Vectorization works well when dealing with array buffers, which is why it’s marketed as a multimedia acceleration under Intel SSE. Multimedia usually works by reading a byte stream and operating on that byte stream using data-independent indexes on the stream. The kind of applications that will most benefit from these sorts of optimizations are those that work with predictable data sets where the operations and indexes on those datasets are independent of the data itself. A few examples include media streaming applications, applications that work on bitmaps such as graphics manipulations, and applications that use rendering engines, such as games. Consequently, all of these kinds of applications are also compute intensive too. Line of business applications, however, probably won’t see a lot of benefits from running the vector analysis tools on the application; however, the threading analysis of the tool would certainly be worth its weight in gold because line of business applications are usually multiuser or mult-tenant applications that need multithreading.
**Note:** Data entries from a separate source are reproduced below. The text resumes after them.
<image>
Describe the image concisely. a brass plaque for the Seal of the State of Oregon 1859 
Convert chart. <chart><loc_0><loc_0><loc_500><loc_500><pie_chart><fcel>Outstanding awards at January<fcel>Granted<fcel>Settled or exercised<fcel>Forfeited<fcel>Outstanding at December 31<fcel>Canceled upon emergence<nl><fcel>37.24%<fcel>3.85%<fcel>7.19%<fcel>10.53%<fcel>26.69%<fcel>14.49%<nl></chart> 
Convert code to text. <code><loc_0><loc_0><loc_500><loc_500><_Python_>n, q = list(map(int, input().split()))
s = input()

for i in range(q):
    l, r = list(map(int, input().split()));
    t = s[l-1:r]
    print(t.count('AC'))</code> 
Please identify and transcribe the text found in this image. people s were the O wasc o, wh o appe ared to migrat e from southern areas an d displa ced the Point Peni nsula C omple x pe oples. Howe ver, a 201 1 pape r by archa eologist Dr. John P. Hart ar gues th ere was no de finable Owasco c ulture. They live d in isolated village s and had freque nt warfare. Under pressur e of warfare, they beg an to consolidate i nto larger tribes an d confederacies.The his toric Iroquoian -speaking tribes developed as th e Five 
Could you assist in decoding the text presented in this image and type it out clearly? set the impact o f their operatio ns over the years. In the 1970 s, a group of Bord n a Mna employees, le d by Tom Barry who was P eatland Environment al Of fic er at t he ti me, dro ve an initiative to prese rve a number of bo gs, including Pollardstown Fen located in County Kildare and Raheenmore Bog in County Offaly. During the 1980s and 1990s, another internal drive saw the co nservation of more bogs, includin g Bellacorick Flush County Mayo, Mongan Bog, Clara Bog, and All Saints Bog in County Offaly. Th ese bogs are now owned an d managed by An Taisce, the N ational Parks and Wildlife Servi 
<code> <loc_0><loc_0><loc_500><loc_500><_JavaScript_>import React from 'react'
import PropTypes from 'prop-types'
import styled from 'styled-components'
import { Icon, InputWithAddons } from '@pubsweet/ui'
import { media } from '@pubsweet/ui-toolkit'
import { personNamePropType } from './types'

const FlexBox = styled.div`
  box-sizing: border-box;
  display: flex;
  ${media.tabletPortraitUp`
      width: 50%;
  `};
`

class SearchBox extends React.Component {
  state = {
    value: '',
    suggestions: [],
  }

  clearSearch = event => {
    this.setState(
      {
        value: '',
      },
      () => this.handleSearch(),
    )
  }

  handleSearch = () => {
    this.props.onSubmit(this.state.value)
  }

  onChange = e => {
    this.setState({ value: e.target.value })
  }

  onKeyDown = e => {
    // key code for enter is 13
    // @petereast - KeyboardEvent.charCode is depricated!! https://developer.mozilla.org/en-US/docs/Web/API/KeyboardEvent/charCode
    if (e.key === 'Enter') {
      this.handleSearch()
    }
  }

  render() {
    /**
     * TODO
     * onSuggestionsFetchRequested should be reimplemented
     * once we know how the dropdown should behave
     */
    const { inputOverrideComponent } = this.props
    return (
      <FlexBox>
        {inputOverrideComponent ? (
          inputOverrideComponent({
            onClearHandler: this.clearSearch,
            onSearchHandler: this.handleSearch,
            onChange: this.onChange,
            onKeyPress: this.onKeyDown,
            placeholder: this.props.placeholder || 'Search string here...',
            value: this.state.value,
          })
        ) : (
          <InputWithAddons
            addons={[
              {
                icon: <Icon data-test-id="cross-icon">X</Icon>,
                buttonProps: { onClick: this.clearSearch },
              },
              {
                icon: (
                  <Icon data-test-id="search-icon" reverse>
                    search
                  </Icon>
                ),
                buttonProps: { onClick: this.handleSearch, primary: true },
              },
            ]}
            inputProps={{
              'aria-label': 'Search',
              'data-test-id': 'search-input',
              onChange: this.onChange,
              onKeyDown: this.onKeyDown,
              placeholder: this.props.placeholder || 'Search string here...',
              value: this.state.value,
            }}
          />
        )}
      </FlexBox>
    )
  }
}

Intel Advisor 2017 is a part of Intel® Parallel Studio XE, a bundle that contains optimizing compilers, performance libraries and other analysis tools like their performance profiler Intel® VTune™ Amplifier. Parallel Studio retails for $1,599. The Intel Parallel Studio XE software package is a fairly hefty download at over 3 GB, but it comes with two straightforward options: an all-inclusive download or a piecemeal download that installs only the wanted features. This evaluation used Intel Visual Studio 2015 Community Edition on Windows 10 64-bit with Intel Advisor 2017. Generally speaking, the application was stable with no crashes or hiccups, but it did feel sluggish on some pretty advanced hardware. Likewise, it’s obvious Intel didn’t spend a lot of time trying to make the UX of the application modern, as it feels more like an app written for a Windows 98 PC. Although it could use some improvements in the UI/UX realm, the focus of the application is not on a slick UI/UX, but rather on improving application performance—most of the work has gone into what isn’t seen. The real benefit, though, is for developers writing apps-complex, CPU-intense application. Spending $1,599 on the app is money well spent if it means that you don’t have to manually comb through thousands of lines of code to look for optimization. Intel Advisor can do the work automatically, and the results really speak for themselves.